Bruxelles, 17octobre(APIC/CIP) Plus d’une centaine de prêtres ont été

tués depuis avril 1994 dans les neuf diocèses du Rwanda. A cette liste

officielle déjà lourde et probablement incomplète, on pourrait ajouter de

nombreux diacres et grands séminaristes tués en cachette soit dans des paroisses soit dans leurs familles. D’après les chiffres publiés, c’est le

diocèse de Nyundo qui a le plus souffert avec à son compte 32 prêtres tués

ou portés disparus.

Le Jesuit Refugee Service-Europe (JRS) vient de publier un document de

65 pages, première version provisoire, sur la situation de l’Eglise au

Rwanda.
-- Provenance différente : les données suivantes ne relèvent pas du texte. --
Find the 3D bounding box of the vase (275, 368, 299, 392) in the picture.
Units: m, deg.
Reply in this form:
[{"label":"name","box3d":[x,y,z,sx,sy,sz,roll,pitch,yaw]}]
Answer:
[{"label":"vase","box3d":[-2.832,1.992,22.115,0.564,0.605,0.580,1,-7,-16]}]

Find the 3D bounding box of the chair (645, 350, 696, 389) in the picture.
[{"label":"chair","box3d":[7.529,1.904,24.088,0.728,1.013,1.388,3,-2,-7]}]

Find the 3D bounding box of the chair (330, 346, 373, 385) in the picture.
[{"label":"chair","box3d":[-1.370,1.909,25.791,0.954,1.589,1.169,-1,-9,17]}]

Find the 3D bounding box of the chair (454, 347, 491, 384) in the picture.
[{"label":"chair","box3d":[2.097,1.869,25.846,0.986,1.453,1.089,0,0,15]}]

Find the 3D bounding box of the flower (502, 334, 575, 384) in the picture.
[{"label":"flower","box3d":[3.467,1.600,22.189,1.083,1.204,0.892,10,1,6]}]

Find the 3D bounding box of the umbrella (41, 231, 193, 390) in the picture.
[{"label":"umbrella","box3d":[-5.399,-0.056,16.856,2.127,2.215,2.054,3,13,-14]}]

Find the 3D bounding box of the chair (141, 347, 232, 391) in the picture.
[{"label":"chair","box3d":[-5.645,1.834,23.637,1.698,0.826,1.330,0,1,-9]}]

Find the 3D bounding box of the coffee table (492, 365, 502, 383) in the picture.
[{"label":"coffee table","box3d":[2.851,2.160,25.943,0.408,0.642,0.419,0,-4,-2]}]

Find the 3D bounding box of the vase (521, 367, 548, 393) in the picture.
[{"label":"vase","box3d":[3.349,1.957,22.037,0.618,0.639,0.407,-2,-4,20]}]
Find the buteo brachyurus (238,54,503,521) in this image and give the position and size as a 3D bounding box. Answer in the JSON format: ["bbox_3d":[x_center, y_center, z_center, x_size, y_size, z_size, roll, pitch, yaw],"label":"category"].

Ce document veut être à la fois un témoignage des différents massacres qui ont frappé ce pays mais aussi conserver en mémoire les nombreuses

victimes tombées. Les diverses congrégations ont dû évacuer leurs membres.

Les religieux et religieuses étrangers ont été forcés de regagner leurs

pays d’origine pour des raisons de sécurité, abandonnant malgré eux les religieux rwandais à leur triste sort.

Ce recueil d’informations a été rédigé à la demande de plusieurs Congrégations et organisations d’Eglise qui ont voulu faire la lumière sur la

difficulté et le danger de leur présence sur place. Une autre partie de ce

rapport illustre les différentes actions de soutien qui s’opèrent au Rwanda, notamment par des ONG.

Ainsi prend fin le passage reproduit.